School definitely crushes productivity, it’s true. But I figure it’s not all a waste. If school is consuming programming time, and some of it seems moderately interesting to me, why not post a Gruedorf about it anyways?

For my Game Development class project, I taught myself some basic 3ds Max stuff this past week so I could start to make some simple lowpoly 3D models. Here’s a start of the model I’ve been working on so far!

The modelling was done with 3ds max. After some frustration in getting polygons to unwrap into nonoverlapping UV regions, I exported the UV Texture Maps and doodled on Paint Shop Pro. It was rather fun. The palette on the guy’s face and hair is shamelessly stolen from my Resonance hero sprite.

My intent is to hopefully make a face paced hack-and-slash + platformer with cube men everywhere. This might change later, when I feel more creative.
In my Computer Security class, I wrote program in Python that would use a dictionary attack to figure out a password that starts with “R”. It used Python’s telnetlib module, because the login was performed remotely over Telnet, and it used the threading module to perform multiple connections.

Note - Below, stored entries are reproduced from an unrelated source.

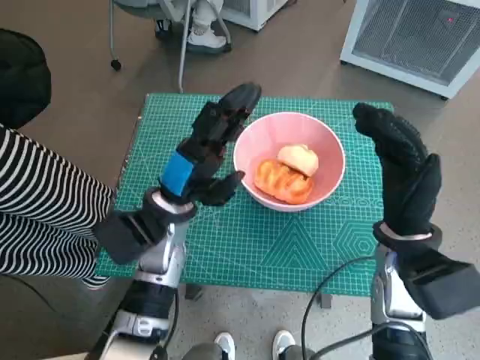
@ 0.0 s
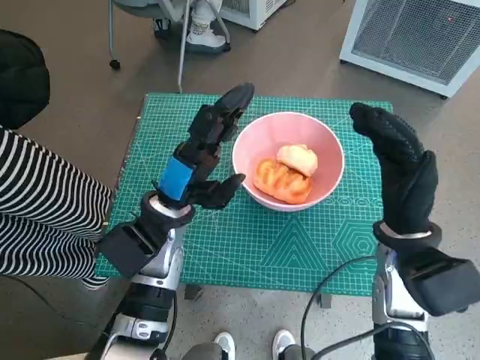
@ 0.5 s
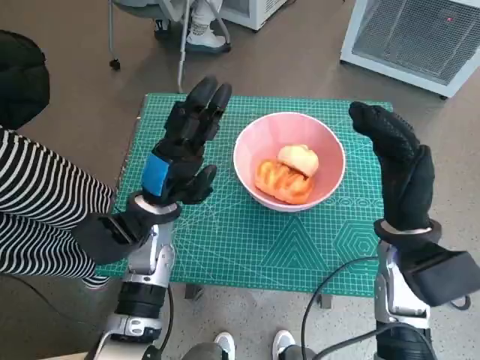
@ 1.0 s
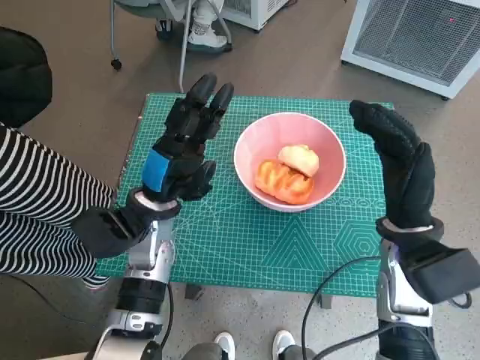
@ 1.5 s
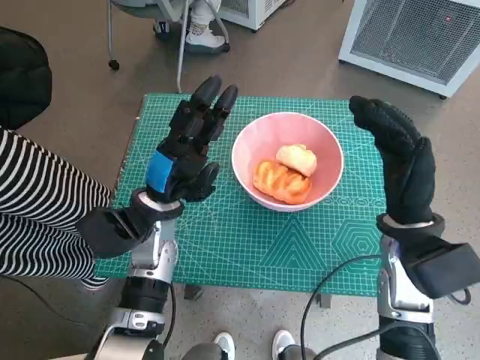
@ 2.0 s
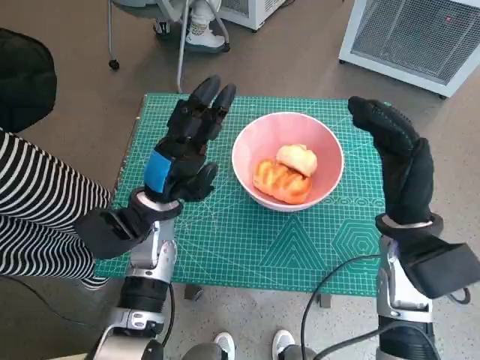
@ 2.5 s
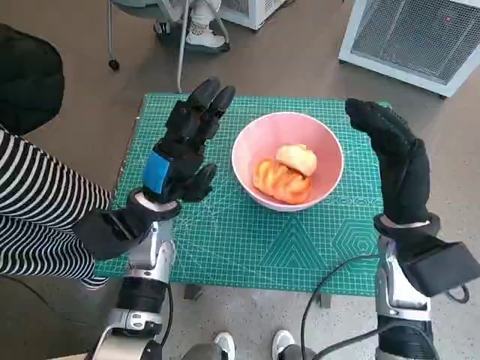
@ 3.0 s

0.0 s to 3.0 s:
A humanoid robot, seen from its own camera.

The target server we were attacking certainly wasn’t very secure… Once the protocol was working, it was burning through about 100 words in the dictionary every minute, until it eventually made it up to “retribution”, the winning password phrase.
In my Image Processing class, the assignment was to write a program that rotates an image and uses bilinear interpolation to smooth the pixels.

This was especially easy since I had code left from Brockoly that did image rotation, and it used the Corona library in C++ to load images. I simply scaled back the code so there was less junk, and made it so images could be saved as PNGs.

Corona once again saved the day there, since it has a PNG writer builtin. Very handy. Also very easy, which makes me wonder why we don’t have png saving in Verge yet, since it’s quite simple — only about five lines! Ahem.

So when I was finished, I had a commandline program that could take any input image, rotation (in radians or degrees), scale, and the name of a PNG output file, and do all the processing work. Sexy.
In other news, LuaVerge works again more or less, thanks to Zeromus.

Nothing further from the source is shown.